Augmentation vs. Automation: What the Metrics Actually Say

  • The 40% disjoint rate between user goals and AI actions is direct evidence that AI is commonly augmenting rather than replacing. Example: user seeks “resolve computer issues” (user goal IWA), AI performs “provide technical support” (AI-action IWA) as an instructional layer.
  • Scope is broader on user goals than AI actions, meaning workers can leverage AI across a wider share of their tasks than AI can autonomously perform a measured asymmetry consistent with human-in-the-loop patterns.
  • The authors explicitly note the analysis does not observe downstream business decisions (hiring, restructuring), so one cannot infer job losses or wage effects from these usage metrics alone. 

Policy & Education Responses (Aligned to the Evidence)

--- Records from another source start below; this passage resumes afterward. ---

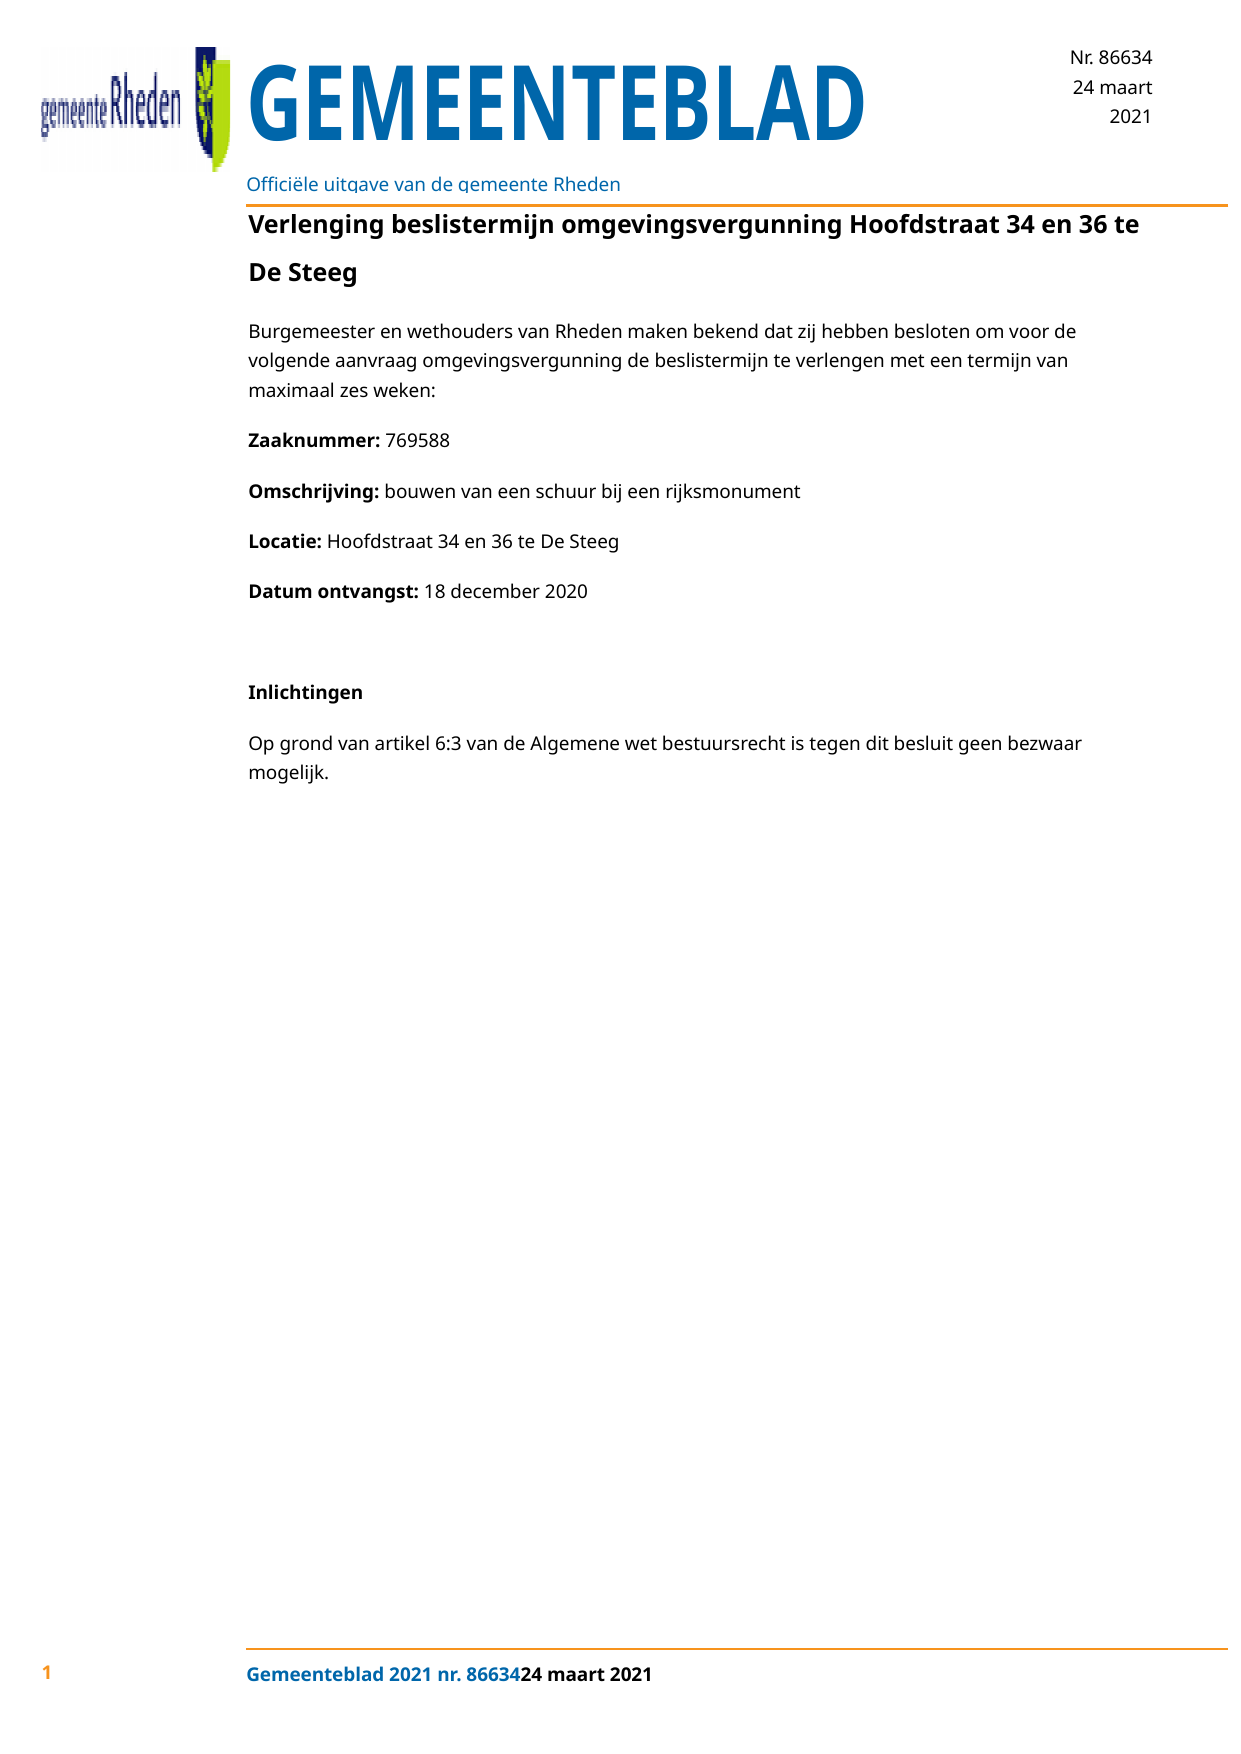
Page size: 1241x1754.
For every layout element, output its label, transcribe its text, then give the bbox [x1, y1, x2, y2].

text Zaaknummer: 769588 [248, 427, 1152, 453]
text Op grond van artikel 6:3 van de Algemene wet bestuursrecht is tegen dit besluit geen bezwaar mogelijk. [248, 730, 1152, 785]
text Verlenging beslistermijn omgevingsvergunning Hoofdstraat 34 en 36 te De Steeg [248, 207, 1152, 288]
text Omschrijving: bouwen van een schuur bij een rijksmonument [248, 478, 1152, 504]
picture [41, 47, 231, 172]
text Inlichtingen [248, 679, 1152, 705]
text Datum ontvangst: 18 december 2020 [248, 579, 1152, 604]
text Burgemeester en wethouders van Rheden maken bekend dat zij hebben besloten om voor de volgende aanvraag omgevingsvergunning de beslistermijn te verlengen met een termijn van maximaal zes weken: [248, 318, 1152, 403]
text Locatie: Hoofdstraat 34 en 36 te De Steeg [248, 528, 1152, 554]
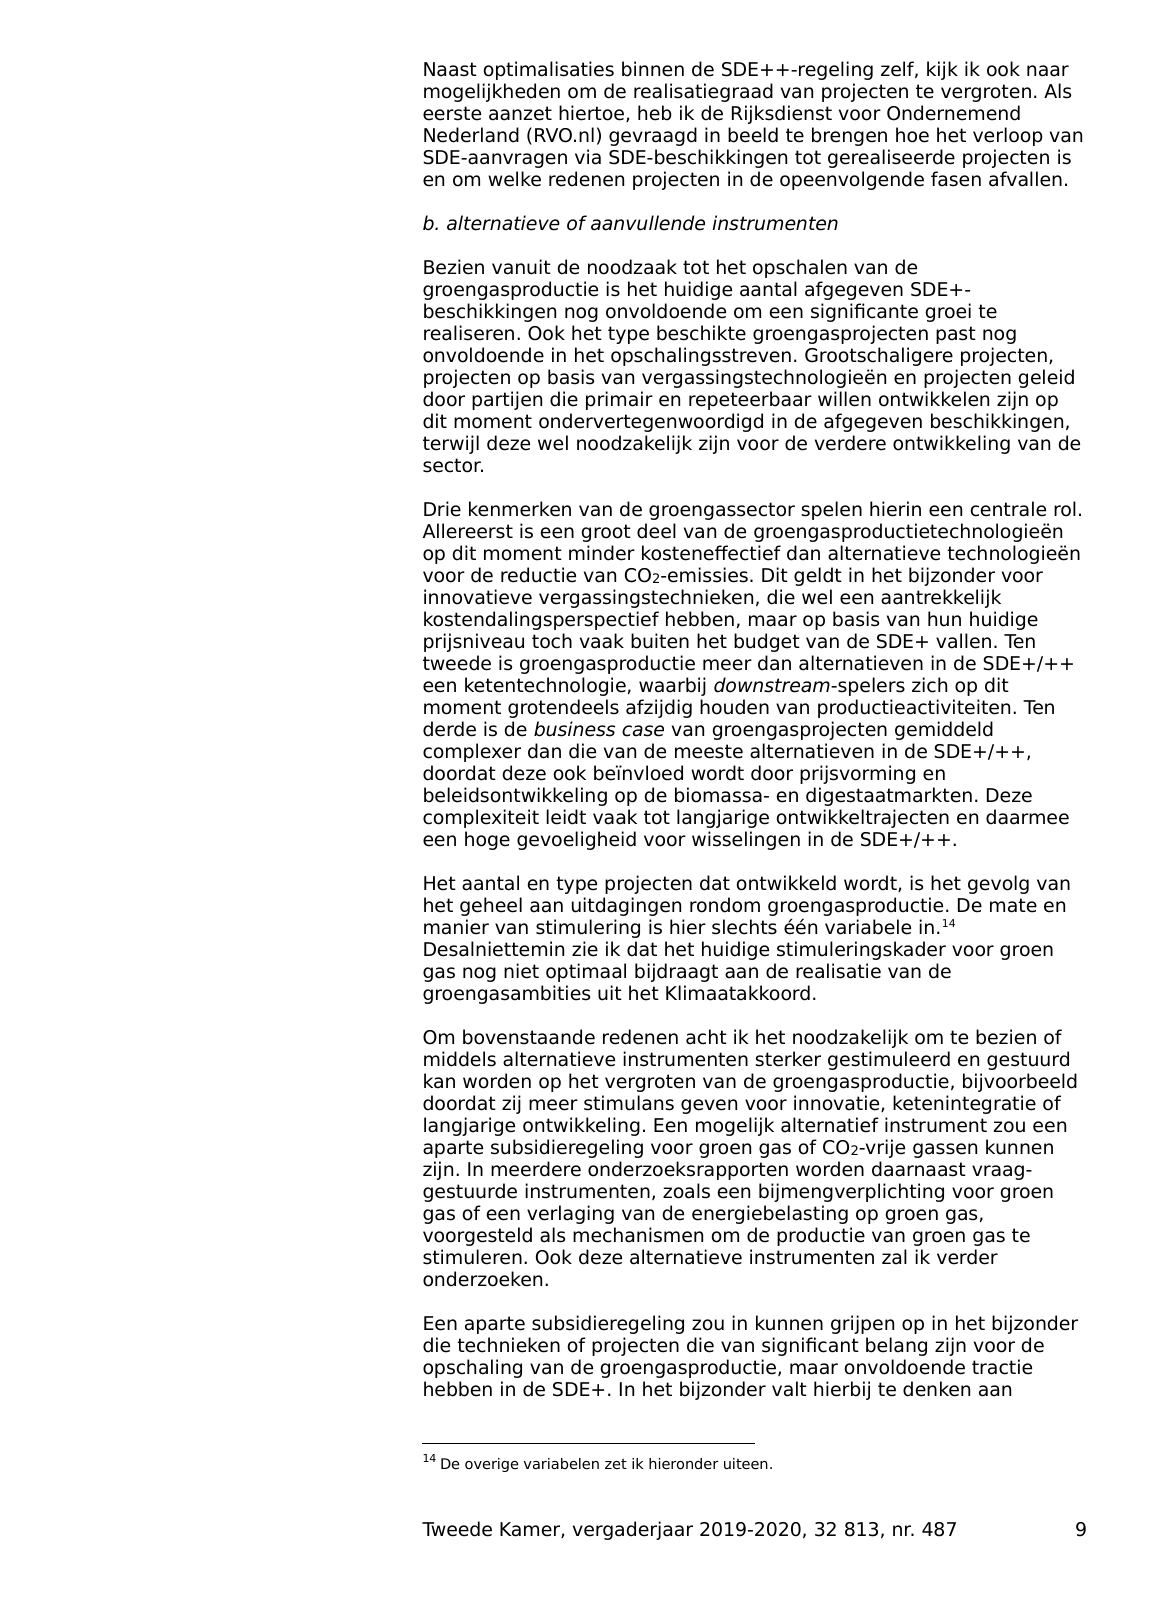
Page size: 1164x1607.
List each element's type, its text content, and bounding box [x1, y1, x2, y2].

text Naast optimalisaties binnen de SDE++-regeling zelf, kijk ik ook naar mogelijkheden om de realisatiegraad van projecten te vergroten. Als eerste aanzet hiertoe, heb ik de Rijksdienst voor Ondernemend Nederland (RVO.nl) gevraagd in beeld te brengen hoe het verloop van SDE-aanvragen via SDE-beschikkingen tot gerealiseerde projecten is en om welke redenen projecten in de opeenvolgende fasen afvallen. [422, 59, 1087, 191]
text Het aantal en type projecten dat ontwikkeld wordt, is het gevolg van het geheel aan uitdagingen rondom groengasproductie. De mate en manier van stimulering is hier slechts één variabele in. Desalniettemin zie ik dat het huidige stimuleringskader voor groen gas nog niet optimaal bijdraagt aan de realisatie van de groengasambities uit het Klimaatakkoord. [422, 873, 1087, 1005]
text Om bovenstaande redenen acht ik het noodzakelijk om te bezien of middels alternatieve instrumenten sterker gestimuleerd en gestuurd kan worden op het vergroten van de groengasproductie, bijvoorbeeld doordat zij meer stimulans geven voor innovatie, ketenintegratie of langjarige ontwikkeling. Een mogelijk alternatief instrument zou een aparte subsidieregeling voor groen gas of CO2-vrije gassen kunnen zijn. In meerdere onderzoeksrapporten worden daarnaast vraag-gestuurde instrumenten, zoals een bijmengverplichting voor groen gas of een verlaging van de energiebelasting op groen gas, voorgesteld als mechanismen om de productie van groen gas te stimuleren. Ook deze alternatieve instrumenten zal ik verder onderzoeken. [422, 1027, 1087, 1291]
text De overige variabelen zet ik hieronder uiteen. [422, 1452, 1087, 1474]
subtitle b. alternatieve of aanvullende instrumenten [422, 213, 1087, 235]
text Drie kenmerken van de groengassector spelen hierin een centrale rol. Allereerst is een groot deel van de groengasproductietechnologieën op dit moment minder kosteneffectief dan alternatieve technologieën voor de reductie van CO2-emissies. Dit geldt in het bijzonder voor innovatieve vergassingstechnieken, die wel een aantrekkelijk kostendalingsperspectief hebben, maar op basis van hun huidige prijsniveau toch vaak buiten het budget van de SDE+ vallen. Ten tweede is groengasproductie meer dan alternatieven in de SDE+/++ een ketentechnologie, waarbij downstream-spelers zich op dit moment grotendeels afzijdig houden van productieactiviteiten. Ten derde is de business case van groengasprojecten gemiddeld complexer dan die van de meeste alternatieven in de SDE+/++, doordat deze ook beïnvloed wordt door prijsvorming en beleidsontwikkeling op de biomassa- en digestaatmarkten. Deze complexiteit leidt vaak tot langjarige ontwikkeltrajecten en daarmee een hoge gevoeligheid voor wisselingen in de SDE+/++. [422, 499, 1087, 851]
text Een aparte subsidieregeling zou in kunnen grijpen op in het bijzonder die technieken of projecten die van significant belang zijn voor de opschaling van de groengasproductie, maar onvoldoende tractie hebben in de SDE+. In het bijzonder valt hierbij te denken aan [422, 1313, 1087, 1401]
text Bezien vanuit de noodzaak tot het opschalen van de groengasproductie is het huidige aantal afgegeven SDE+-beschikkingen nog onvoldoende om een significante groei te realiseren. Ook het type beschikte groengasprojecten past nog onvoldoende in het opschalingsstreven. Grootschaligere projecten, projecten op basis van vergassingstechnologieën en projecten geleid door partijen die primair en repeteerbaar willen ontwikkelen zijn op dit moment ondervertegenwoordigd in de afgegeven beschikkingen, terwijl deze wel noodzakelijk zijn voor de verdere ontwikkeling van de sector. [422, 257, 1087, 477]

  1. Target information work. Since providing/communicating information and writing are the most exposed IWAs, prioritize training on prompt design, critical synthesis, source checking, and drafting workflows in sales, service, media, PR, and admin roles. This is where measured completion/scope are already high. 
  2. Codify human oversight. Given the augmentation signature (40% user–AI mismatch; lower AI-action scope), set policy guardrails for advice-giving AI: disclosure, audit trails of sources, escalation to human experts for consequential decisions.
  3. Credential rethink. With slightly higher exposure among Bachelor’s-required roles, invest in continuous upskilling for “knowledge communicators” (writers, editors, analysts, customer operations). Make evidence evaluation and explanatory writing core competencies.
  4. Data & design literacy. Where the report shows narrower scope (data analysis, visual design), develop hybrid curricula that join LLM prompting with spreadsheet/database fundamentals and visual reasoning bridging current weak spots.
  5. Measurement-first regulation. This paper’s activity-level lens should inform policy: regulate outcomes (accuracy, accountability) at the task level before sweeping occupation-level rules. Encourage secure telemetry for continued, privacy-preserving measurement. 

Conclusion

Tomlinson et al. provide a rigorous, usage-based snapshot of how workers and an LLM actually interact at scale and what that implies for occupational applicability today. The strongest, repeatedly measured signal is that AI is acting as an information and writing partner, a coach, aide, or explainer. Exposure concentrates where communicating information is central to the job; it is minimal for LLMs in hands-on physical roles. The authors’ careful separation of user goals and AI actions, and their construction of an AI applicability score, make this one of the most informative empirical baselines for policy, workforce planning, and curriculum design. It doesn’t tell us how firms will reorganize around these capabilities; it tells us, with evidence, where the capabilities fit right now and that is precisely what decision-makers need in 2025. 

Primary source: Tomlinson, Jaffe, Wang, Counts, Suri, “Working with AI: Measuring the Occupational Implications of Generative AI,” arXiv:2507.07935, v3, July 22, 2025. (Microsoft Research publication page also lists the preprint). (arXiv, microsoft.com)

FAQ

Q1: What is the Microsoft Research AI report about?

The report analyzes over 200,000 user–AI conversations to understand how generative AI supports or replaces human tasks across different occupations.

Q2: Which jobs are most affected by generative AI?

 The report finds AI is most involved in knowledge work like software development, data analysis, and writing, while being less involved in hands-on or interpersonal roles such as healthcare, teaching, and skilled trades.

Q3: What are the socioeconomic implications of AI’s impact on jobs?

 AI can act as a career accelerator for some while replacing others, raising concerns about digital inequality. For example, workers in outsourced customer support roles in emerging economies may face job losses if LLMs handle tasks more cheaply.